* _Work instruction_
Below are lines of data; give the number of them that contain "Copyright", and only that.

* _Supplied data_
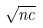Convert formula to latex. <formula><loc_0><loc_0><loc_500><loc_500>\sqrt { n c }</formula> 
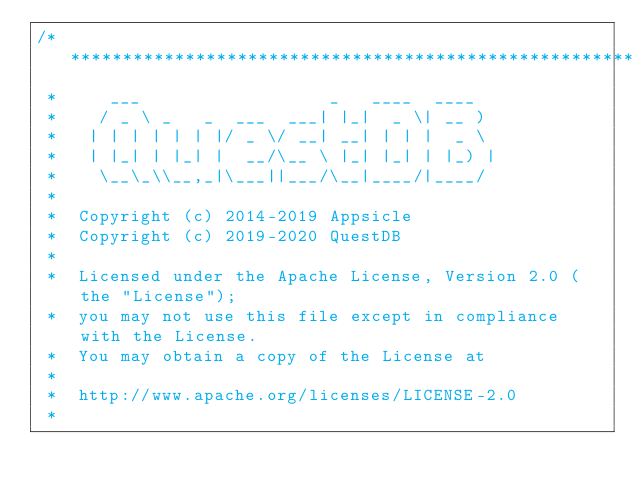<code> <loc_0><loc_0><loc_500><loc_500><_Java_>/*******************************************************************************
 *     ___                  _   ____  ____
 *    / _ \ _   _  ___  ___| |_|  _ \| __ )
 *   | | | | | | |/ _ \/ __| __| | | |  _ \
 *   | |_| | |_| |  __/\__ \ |_| |_| | |_) |
 *    \__\_\\__,_|\___||___/\__|____/|____/
 *
 *  Copyright (c) 2014-2019 Appsicle
 *  Copyright (c) 2019-2020 QuestDB
 *
 *  Licensed under the Apache License, Version 2.0 (the "License");
 *  you may not use this file except in compliance with the License.
 *  You may obtain a copy of the License at
 *
 *  http://www.apache.org/licenses/LICENSE-2.0
 *</code> 
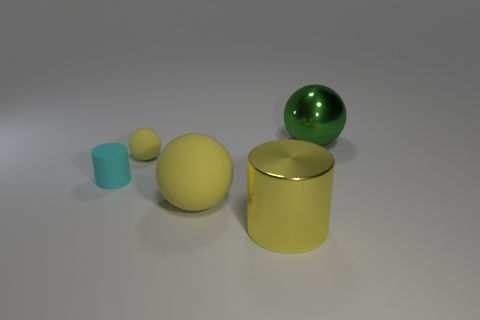How many objects are either rubber objects that are to the right of the cyan cylinder or big yellow things that are left of the big yellow metal cylinder? Upon review, there appears to be one large yellow rubber ball that is to the left of the big yellow metal cylinder. However, it is not possible to determine the materials of the objects definitively without more context. Therefore, while the number of objects fitting the description provided is at least one, the exact count cannot be ascertained without further information. 
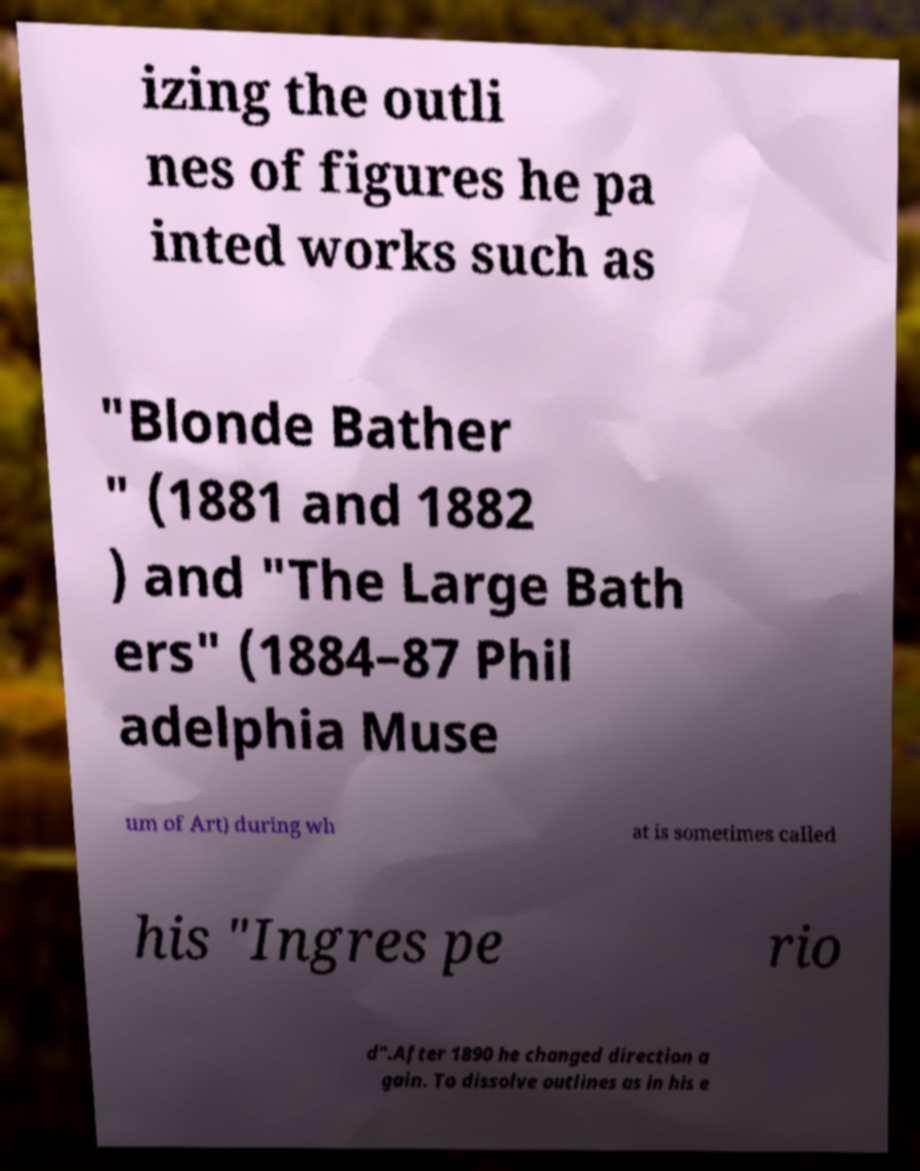Could you assist in decoding the text presented in this image and type it out clearly? izing the outli nes of figures he pa inted works such as "Blonde Bather " (1881 and 1882 ) and "The Large Bath ers" (1884–87 Phil adelphia Muse um of Art) during wh at is sometimes called his "Ingres pe rio d".After 1890 he changed direction a gain. To dissolve outlines as in his e 
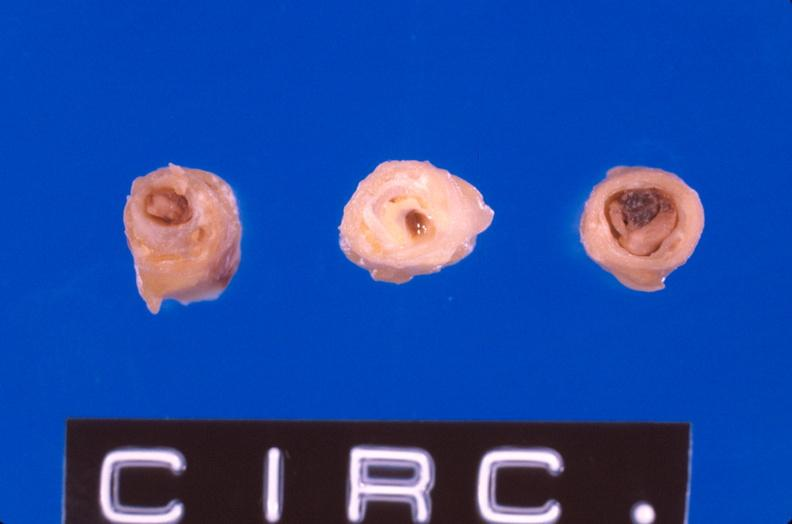does this image show coronary artery atherosclerosis?
Answer the question using a single word or phrase. Yes 
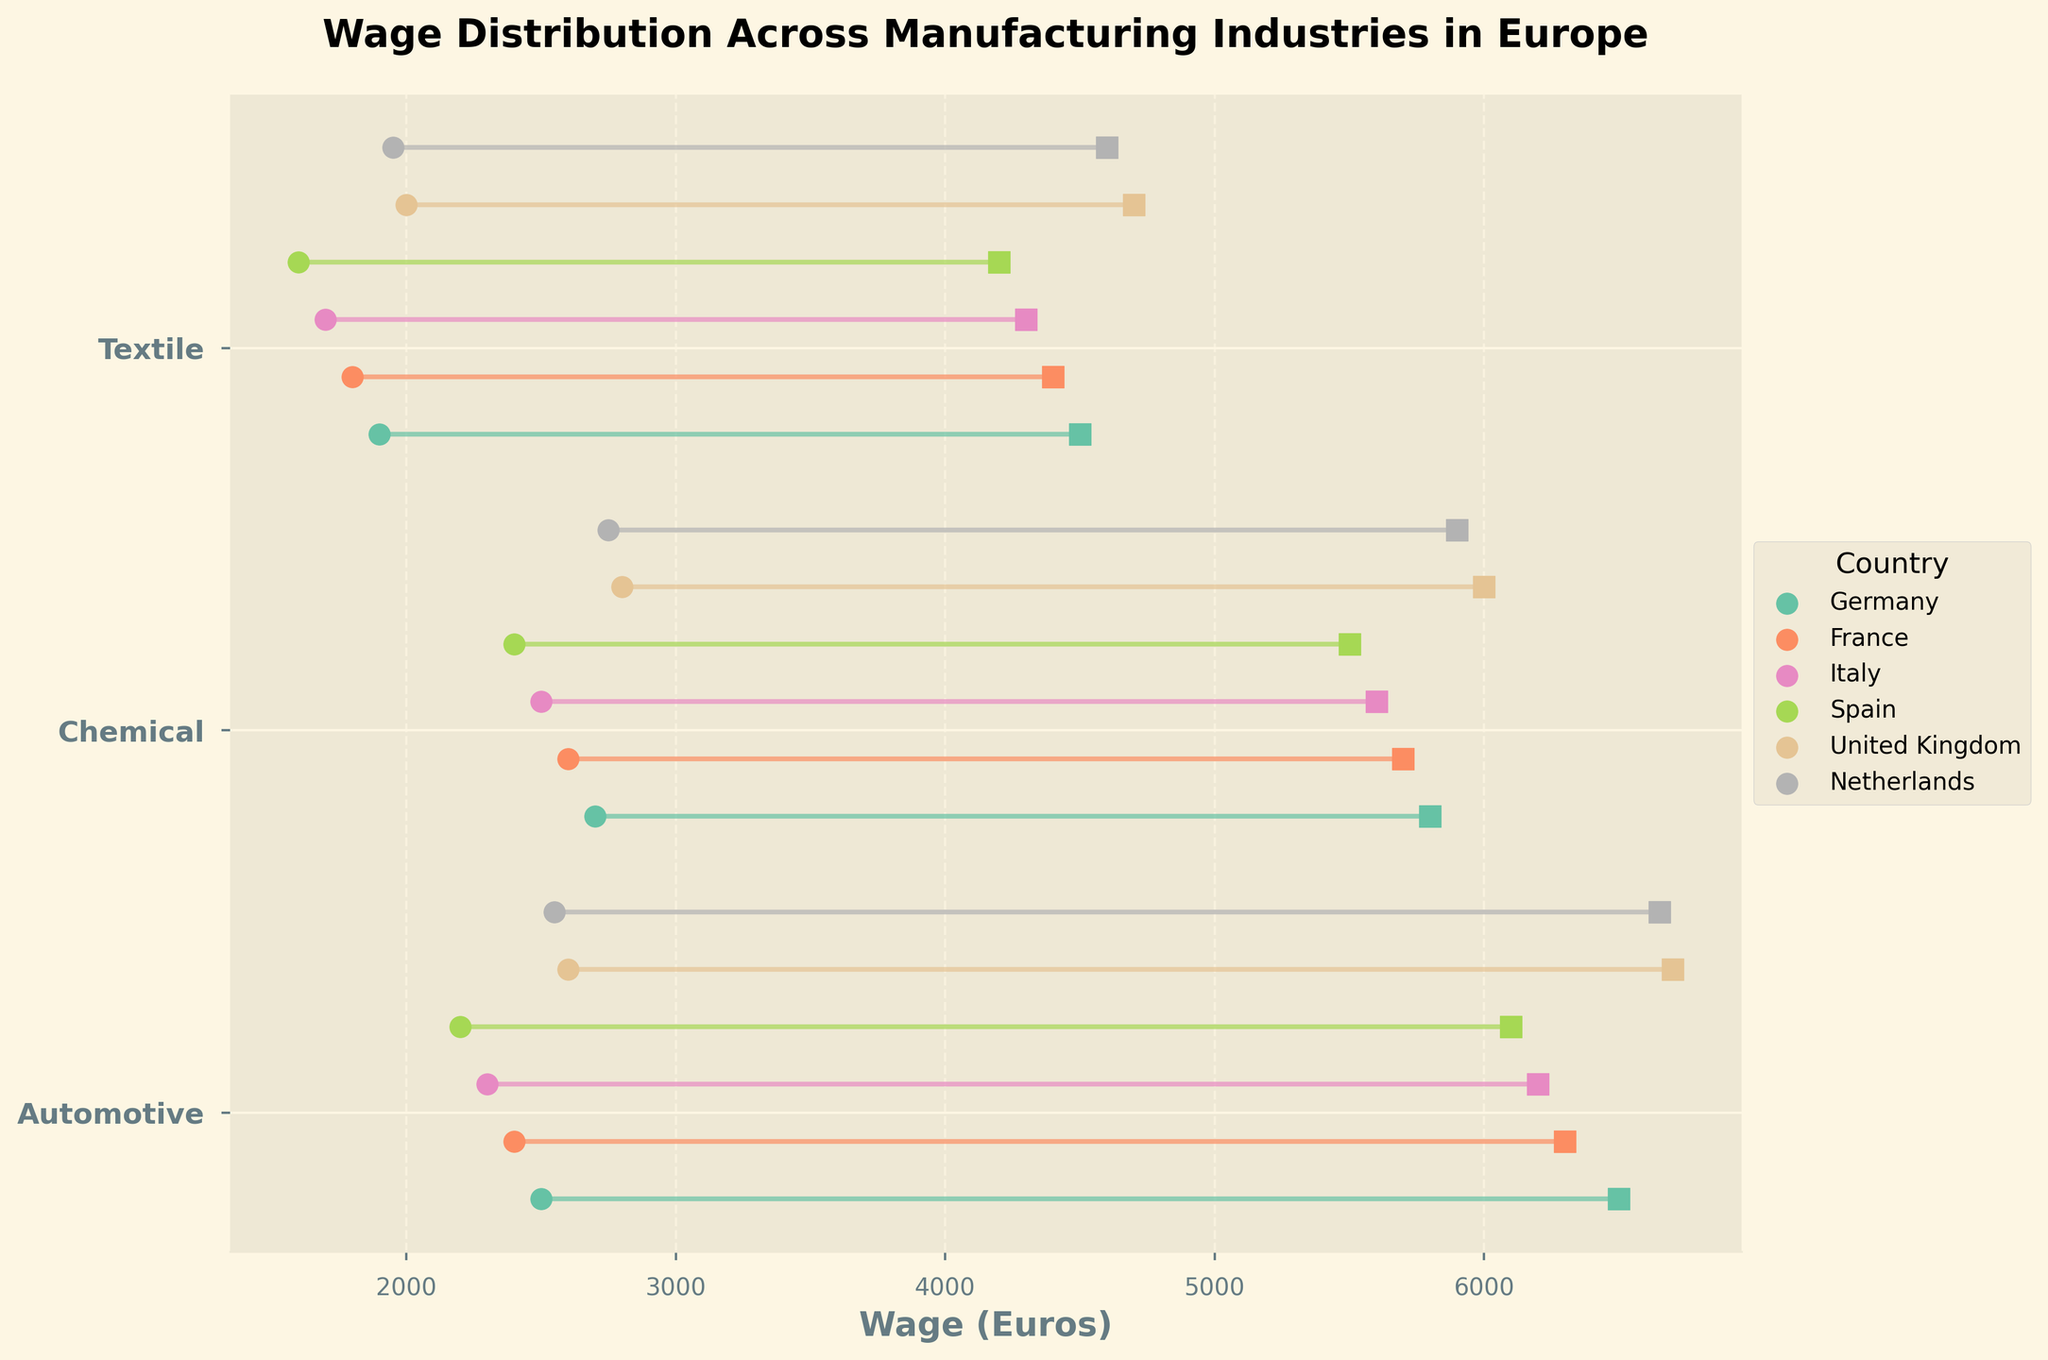Which country has the highest maximum wage in the Automotive industry? The plot shows maximum wages for the Automotive industry in different countries. The United Kingdom has the highest maximum wage.
Answer: United Kingdom What is the range of wages in the Textile industry in Spain? The range is calculated as the difference between the maximum and minimum wages. The minimum wage for Spain in the Textile industry is 1600 Euros and the maximum is 4200 Euros. So, the range is 4200 - 1600 = 2600 Euros.
Answer: 2600 Euros Which country shows the smallest range of wages in the Chemical industry? By examining the lengths of the line segments connecting minimum and maximum wages in the Chemical industry for each country, Italy has the smallest range from 2500 to 5600 Euros.
Answer: Italy Are the minimum wages in the Automotive industry higher than those in the Textile industry across all countries? By comparing the minimum wages for the Automotive and Textile industries across each country: Germany (2500 vs 1900), France (2400 vs 1800), Italy (2300 vs 1700), Spain (2200 vs 1600), United Kingdom (2600 vs 2000), Netherlands (2550 vs 1950). Automotive industry minimum wages are higher in each country.
Answer: Yes Which industry in Germany has the overall lowest wage? To find the overall lowest wage, check the minimum wages for all industries in Germany: Automotive (2500), Chemical (2700), Textile (1900). Germany's Textile industry has the lowest minimum wage of 1900 Euros.
Answer: Textile What is the average maximum wage in the Chemical industry across all countries? Add the maximum wages in the Chemical industry for all countries: Germany (5800), France (5700), Italy (5600), Spain (5500), United Kingdom (6000), Netherlands (5900). Sum = 34500. Divide by number of countries (6): 34500 / 6.
Answer: 5750 Euros Which industry shows the most wage disparity within the same country? Wage disparity is indicated by the length of the line segments. In the United Kingdom's Automotive industry, the wages range from 2600 to 6700 Euros, showing the largest disparity of 4100 Euros.
Answer: Automotive in United Kingdom How does the maximum wage in the Netherlands’ Chemical industry compare to the minimum wage in Germany’s Chemical industry? The maximum wage in the Netherlands’ Chemical industry is 5900 Euros, and the minimum wage in Germany’s Chemical industry is 2700 Euros. 5900 is higher than 2700 Euros.
Answer: Higher What is the difference between the highest and lowest maximum wages in the Automotive industry? Identify the highest and lowest maximum wages in the Automotive industry: United Kingdom (6700 Euros) and Spain (6100 Euros). Difference = 6700 - 6100.
Answer: 600 Euros 
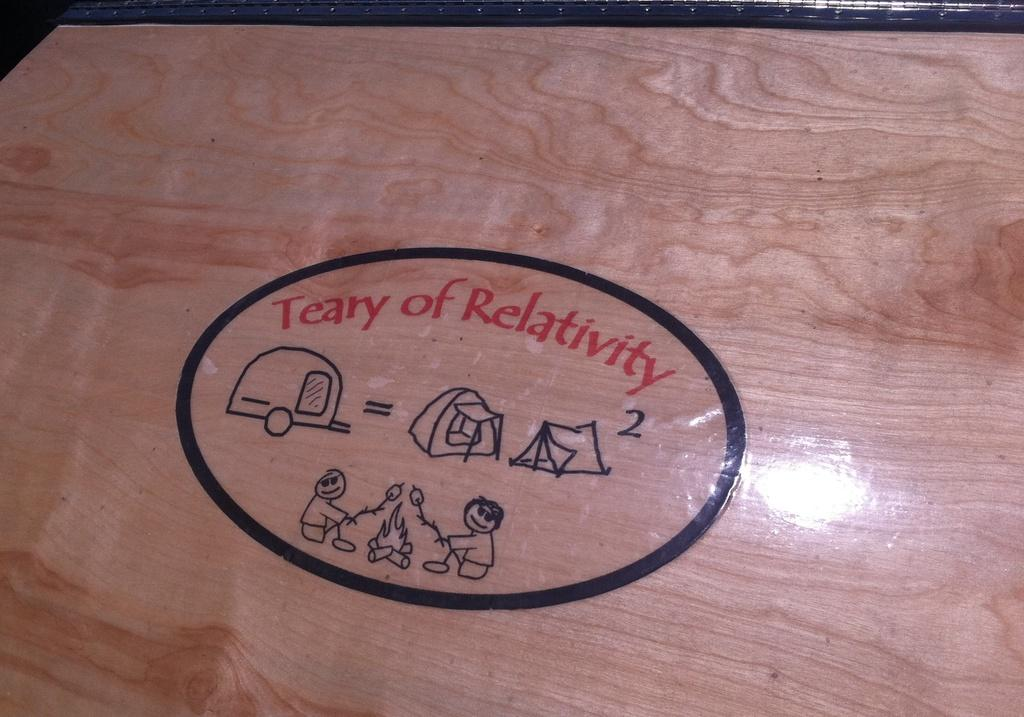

* _Result of the task_
2